[Items listed in a dataset]

++++++++++++++++++++

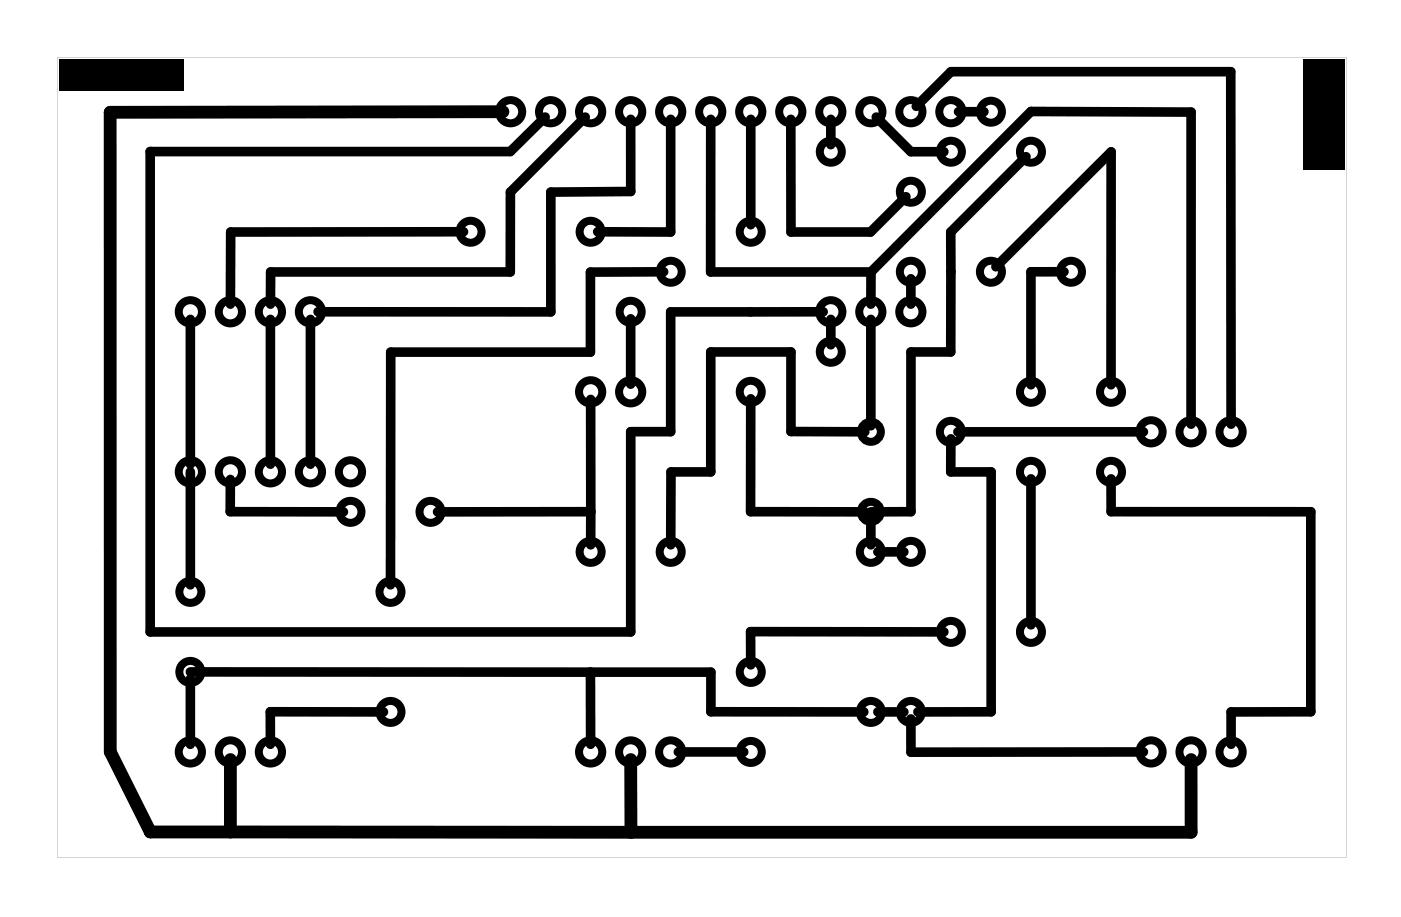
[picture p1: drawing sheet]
<svg xmlns="http://www.w3.org/2000/svg" width="89mm" height="58mm" viewBox="0 0 89 58" stroke-linecap="round" stroke-linejoin="round" font-family="sans-serif">
<g fill="#000">
<path d="M3.8 3.8h7.8v2h-7.8zM82.7 3.8h2.6v7h-2.6z"/>
<path d="M3.6 3.6h81.8v50.8h-81.8zM3.6 3.6v50.8h81.8v-50.8z"/>
</g>
<g fill="none" stroke="#000" stroke-width=".51">
<circle cx="12.1" cy="19.8" r=".74"/>
<circle cx="14.6" cy="19.8" r=".74"/>
<circle cx="17.2" cy="19.8" r=".74"/>
<circle cx="19.7" cy="19.8" r=".74"/>
<circle cx="29.9" cy="14.7" r=".7"/>
<circle cx="32.4" cy="7.1" r=".74"/>
<circle cx="34.9" cy="7.1" r=".74"/>
<circle cx="37.5" cy="14.7" r=".7"/>
<circle cx="37.5" cy="7.1" r=".74"/>
<circle cx="40" cy="19.8" r=".7"/>
<circle cx="40" cy="7.1" r=".74"/>
<circle cx="42.6" cy="17.3" r=".7"/>
<circle cx="42.6" cy="7.1" r=".74"/>
<circle cx="45.1" cy="7.1" r=".74"/>
<circle cx="47.6" cy="14.7" r=".7"/>
<circle cx="47.6" cy="7.1" r=".74"/>
<circle cx="50.2" cy="7.1" r=".74"/>
<circle cx="52.7" cy="9.6" r=".7"/>
<circle cx="52.7" cy="19.8" r=".74"/>
<circle cx="52.7" cy="7.1" r=".74"/>
<circle cx="55.3" cy="19.8" r=".74"/>
<circle cx="55.3" cy="7.1" r=".74"/>
<circle cx="57.8" cy="12.2" r=".7"/>
<circle cx="57.8" cy="17.3" r=".7"/>
<circle cx="57.8" cy="19.8" r=".74"/>
<circle cx="57.8" cy="7.1" r=".74"/>
<circle cx="60.3" cy="9.6" r=".7"/>
<circle cx="60.3" cy="7.1" r=".74"/>
<circle cx="62.9" cy="17.3" r=".7"/>
<circle cx="62.9" cy="7.1" r=".7"/>
<circle cx="65.4" cy="9.6" r=".7"/>
<circle cx="68" cy="17.3" r=".7"/>
<circle cx="12.1" cy="37.6" r=".7"/>
<circle cx="12.1" cy="30" r=".74"/>
<circle cx="14.6" cy="30" r=".74"/>
<circle cx="17.2" cy="30" r=".74"/>
<circle cx="19.7" cy="30" r=".74"/>
<circle cx="22.2" cy="32.5" r=".7"/>
<circle cx="22.2" cy="30" r=".74"/>
<circle cx="24.8" cy="37.6" r=".7"/>
<circle cx="27.3" cy="32.5" r=".7"/>
<circle cx="37.5" cy="35" r=".7"/>
<circle cx="37.5" cy="24.9" r=".74"/>
<circle cx="40" cy="24.9" r=".74"/>
<circle cx="42.6" cy="35" r=".7"/>
<circle cx="47.6" cy="24.9" r=".7"/>
<circle cx="52.7" cy="22.3" r=".7"/>
<circle cx="55.3" cy="35" r=".7"/>
<circle cx="55.3" cy="27.4" r=".64"/>
<circle cx="55.3" cy="32.5" r=".64"/>
<circle cx="57.8" cy="35" r=".7"/>
<circle cx="60.3" cy="27.4" r=".7"/>
<circle cx="65.4" cy="30" r=".7"/>
<circle cx="65.4" cy="24.9" r=".7"/>
<circle cx="70.5" cy="30" r=".7"/>
<circle cx="70.5" cy="24.9" r=".7"/>
<circle cx="73" cy="27.4" r=".74"/>
<circle cx="75.6" cy="27.4" r=".74"/>
<circle cx="78.1" cy="27.4" r=".74"/>
<circle cx="12.1" cy="42.7" r=".7"/>
<circle cx="12.1" cy="47.7" r=".74"/>
<circle cx="14.6" cy="47.7" r=".74"/>
<circle cx="17.2" cy="47.7" r=".74"/>
<circle cx="24.8" cy="45.2" r=".7"/>
<circle cx="37.5" cy="47.7" r=".74"/>
<circle cx="40" cy="47.7" r=".74"/>
<circle cx="42.6" cy="47.7" r=".74"/>
<circle cx="47.6" cy="47.7" r=".7"/>
<circle cx="47.6" cy="42.7" r=".7"/>
<circle cx="55.3" cy="45.2" r=".7"/>
<circle cx="57.8" cy="45.2" r=".7"/>
<circle cx="60.3" cy="40.1" r=".7"/>
<circle cx="65.4" cy="40.1" r=".7"/>
<circle cx="73" cy="47.7" r=".74"/>
<circle cx="75.6" cy="47.7" r=".74"/>
<circle cx="78.1" cy="47.7" r=".74"/>
</g>
<g fill="none" stroke="#000" stroke-width=".61">
<path d="M29.4 14.7h-14.8v4.6M34.6 7.4l-2.2 2.2h-22.9v30.5h30.5v-12.7h2.6v-7.6h9.6M37.1 7.4l-4.7 4.8v5.1h-15.2v2M40 7.6v4.6h-5v7.6h-14.8M42.1 17.3h-4.6v5.1h-12.7v14.7M42.6 7.6v7.1h-4.7M45.1 7.6v9.7h10.2M47.6 7.6v6.7M50.2 7.6v7.1h5l2.3-2.2M52.7 7.6v1.6M55.3 17.3l10.1-10.2h10.2v19.8M55.3 17.3v2"/>
<path d="M55.6 7.4l2.2 2.2h2.1M57.8 17.7v1.6M58.1 6.7l2.2-2.1h17.8v22.3M60.8 7.1h1.6M63.2 16.9l7.3-7.3v14.8M65.1 9.9l-4.8 4.8v7.6h-2.5v10.2h-2.5M67.5 17.3h-2.1v7.1M12.1 20.3v9.2M12.1 30v7.1M14.6 30.4v2.1h7.2M17.2 20.3v9.2M19.7 20.3v9.2"/>
<path d="M37.5 25.4v7.1M37.5 32.5h-9.7M37.5 32.5v2.1M40 20.2v4.2M47.6 25.3v7.2h7.3M52.7 20.3v1.6M54.9 27.4h-4.7v-5.1h-5.1v7.7h-2.5v4.6M55.3 20.3v6.7M55.3 32.9v1.7M55.7 35h1.7M60.3 27.9v2.1h2.6v15.2h-4.7M60.8 27.4h11.8"/>
<path d="M65.4 30.4v9.3M70.5 30.4v2.1h12.7v12.7h-5.1v2M12.1 42.7h33v2.5h9.7M12.1 43.1v4.1M24.3 45.2h-7.1v2M37.5 42.7v4.5M43 47.7h4.2M55.7 45.2h1.7M57.8 45.6v2.1h14.8M59.9 40.1h-12.3v2.1"/>
</g>
<path d="M31.9 7.1h-24.9v40.6l2.5 5.1M9.5 52.8h.1M9.5 52.8h5.1M14.6 48.2v4.6M40 48.2v4.6M75.6 48.2v4.6h-61" fill="none" stroke="#000" stroke-width=".81"/>
</svg>

++++++++++++++++++++

* [What the task asks]
Every line of the data above should be repeated exactly. Omit the pictures.

* [Solution below]
[picture p1: drawing sheet]
<svg xmlns="http://www.w3.org/2000/svg" width="89mm" height="58mm" viewBox="0 0 89 58" stroke-linecap="round" stroke-linejoin="round" font-family="sans-serif">
<g fill="#000">
<path d="M3.8 3.8h7.8v2h-7.8zM82.7 3.8h2.6v7h-2.6z"/>
<path d="M3.6 3.6h81.8v50.8h-81.8zM3.6 3.6v50.8h81.8v-50.8z"/>
</g>
<g fill="none" stroke="#000" stroke-width=".51">
<circle cx="12.1" cy="19.8" r=".74"/>
<circle cx="14.6" cy="19.8" r=".74"/>
<circle cx="17.2" cy="19.8" r=".74"/>
<circle cx="19.7" cy="19.8" r=".74"/>
<circle cx="29.9" cy="14.7" r=".7"/>
<circle cx="32.4" cy="7.1" r=".74"/>
<circle cx="34.9" cy="7.1" r=".74"/>
<circle cx="37.5" cy="14.7" r=".7"/>
<circle cx="37.5" cy="7.1" r=".74"/>
<circle cx="40" cy="19.8" r=".7"/>
<circle cx="40" cy="7.1" r=".74"/>
<circle cx="42.6" cy="17.3" r=".7"/>
<circle cx="42.6" cy="7.1" r=".74"/>
<circle cx="45.1" cy="7.1" r=".74"/>
<circle cx="47.6" cy="14.7" r=".7"/>
<circle cx="47.6" cy="7.1" r=".74"/>
<circle cx="50.2" cy="7.1" r=".74"/>
<circle cx="52.7" cy="9.6" r=".7"/>
<circle cx="52.7" cy="19.8" r=".74"/>
<circle cx="52.7" cy="7.1" r=".74"/>
<circle cx="55.3" cy="19.8" r=".74"/>
<circle cx="55.3" cy="7.1" r=".74"/>
<circle cx="57.8" cy="12.2" r=".7"/>
<circle cx="57.8" cy="17.3" r=".7"/>
<circle cx="57.8" cy="19.8" r=".74"/>
<circle cx="57.8" cy="7.1" r=".74"/>
<circle cx="60.3" cy="9.6" r=".7"/>
<circle cx="60.3" cy="7.1" r=".74"/>
<circle cx="62.9" cy="17.3" r=".7"/>
<circle cx="62.9" cy="7.1" r=".7"/>
<circle cx="65.4" cy="9.6" r=".7"/>
<circle cx="68" cy="17.3" r=".7"/>
<circle cx="12.1" cy="37.6" r=".7"/>
<circle cx="12.1" cy="30" r=".74"/>
<circle cx="14.6" cy="30" r=".74"/>
<circle cx="17.2" cy="30" r=".74"/>
<circle cx="19.7" cy="30" r=".74"/>
<circle cx="22.2" cy="32.5" r=".7"/>
<circle cx="22.2" cy="30" r=".74"/>
<circle cx="24.8" cy="37.6" r=".7"/>
<circle cx="27.3" cy="32.5" r=".7"/>
<circle cx="37.5" cy="35" r=".7"/>
<circle cx="37.5" cy="24.9" r=".74"/>
<circle cx="40" cy="24.9" r=".74"/>
<circle cx="42.6" cy="35" r=".7"/>
<circle cx="47.6" cy="24.9" r=".7"/>
<circle cx="52.7" cy="22.3" r=".7"/>
<circle cx="55.3" cy="35" r=".7"/>
<circle cx="55.3" cy="27.4" r=".64"/>
<circle cx="55.3" cy="32.5" r=".64"/>
<circle cx="57.8" cy="35" r=".7"/>
<circle cx="60.3" cy="27.4" r=".7"/>
<circle cx="65.4" cy="30" r=".7"/>
<circle cx="65.4" cy="24.9" r=".7"/>
<circle cx="70.5" cy="30" r=".7"/>
<circle cx="70.5" cy="24.9" r=".7"/>
<circle cx="73" cy="27.4" r=".74"/>
<circle cx="75.6" cy="27.4" r=".74"/>
<circle cx="78.1" cy="27.4" r=".74"/>
<circle cx="12.1" cy="42.7" r=".7"/>
<circle cx="12.1" cy="47.7" r=".74"/>
<circle cx="14.6" cy="47.7" r=".74"/>
<circle cx="17.2" cy="47.7" r=".74"/>
<circle cx="24.8" cy="45.2" r=".7"/>
<circle cx="37.5" cy="47.7" r=".74"/>
<circle cx="40" cy="47.7" r=".74"/>
<circle cx="42.6" cy="47.7" r=".74"/>
<circle cx="47.6" cy="47.7" r=".7"/>
<circle cx="47.6" cy="42.7" r=".7"/>
<circle cx="55.3" cy="45.2" r=".7"/>
<circle cx="57.8" cy="45.2" r=".7"/>
<circle cx="60.3" cy="40.1" r=".7"/>
<circle cx="65.4" cy="40.1" r=".7"/>
<circle cx="73" cy="47.7" r=".74"/>
<circle cx="75.6" cy="47.7" r=".74"/>
<circle cx="78.1" cy="47.7" r=".74"/>
</g>
<g fill="none" stroke="#000" stroke-width=".61">
<path d="M29.4 14.7h-14.8v4.6M34.6 7.4l-2.2 2.2h-22.9v30.5h30.5v-12.7h2.6v-7.6h9.6M37.1 7.4l-4.7 4.8v5.1h-15.2v2M40 7.6v4.6h-5v7.6h-14.8M42.1 17.3h-4.6v5.1h-12.7v14.7M42.6 7.6v7.1h-4.7M45.1 7.6v9.7h10.2M47.6 7.6v6.7M50.2 7.6v7.1h5l2.3-2.2M52.7 7.6v1.6M55.3 17.3l10.1-10.2h10.2v19.8M55.3 17.3v2"/>
<path d="M55.6 7.4l2.2 2.2h2.1M57.8 17.7v1.6M58.1 6.7l2.2-2.1h17.8v22.3M60.8 7.1h1.6M63.2 16.9l7.3-7.3v14.8M65.1 9.9l-4.8 4.8v7.6h-2.5v10.2h-2.5M67.5 17.3h-2.1v7.1M12.1 20.3v9.2M12.1 30v7.1M14.6 30.4v2.1h7.2M17.2 20.3v9.2M19.7 20.3v9.2"/>
<path d="M37.5 25.4v7.1M37.5 32.5h-9.7M37.5 32.5v2.1M40 20.2v4.2M47.6 25.3v7.2h7.3M52.7 20.3v1.6M54.9 27.4h-4.7v-5.1h-5.1v7.7h-2.5v4.6M55.3 20.3v6.7M55.3 32.9v1.7M55.7 35h1.7M60.3 27.9v2.1h2.6v15.2h-4.7M60.8 27.4h11.8"/>
<path d="M65.4 30.4v9.3M70.5 30.4v2.1h12.7v12.7h-5.1v2M12.1 42.7h33v2.5h9.7M12.1 43.1v4.1M24.3 45.2h-7.1v2M37.5 42.7v4.5M43 47.7h4.2M55.7 45.2h1.7M57.8 45.6v2.1h14.8M59.9 40.1h-12.3v2.1"/>
</g>
<path d="M31.9 7.1h-24.9v40.6l2.5 5.1M9.5 52.8h.1M9.5 52.8h5.1M14.6 48.2v4.6M40 48.2v4.6M75.6 48.2v4.6h-61" fill="none" stroke="#000" stroke-width=".81"/>
</svg>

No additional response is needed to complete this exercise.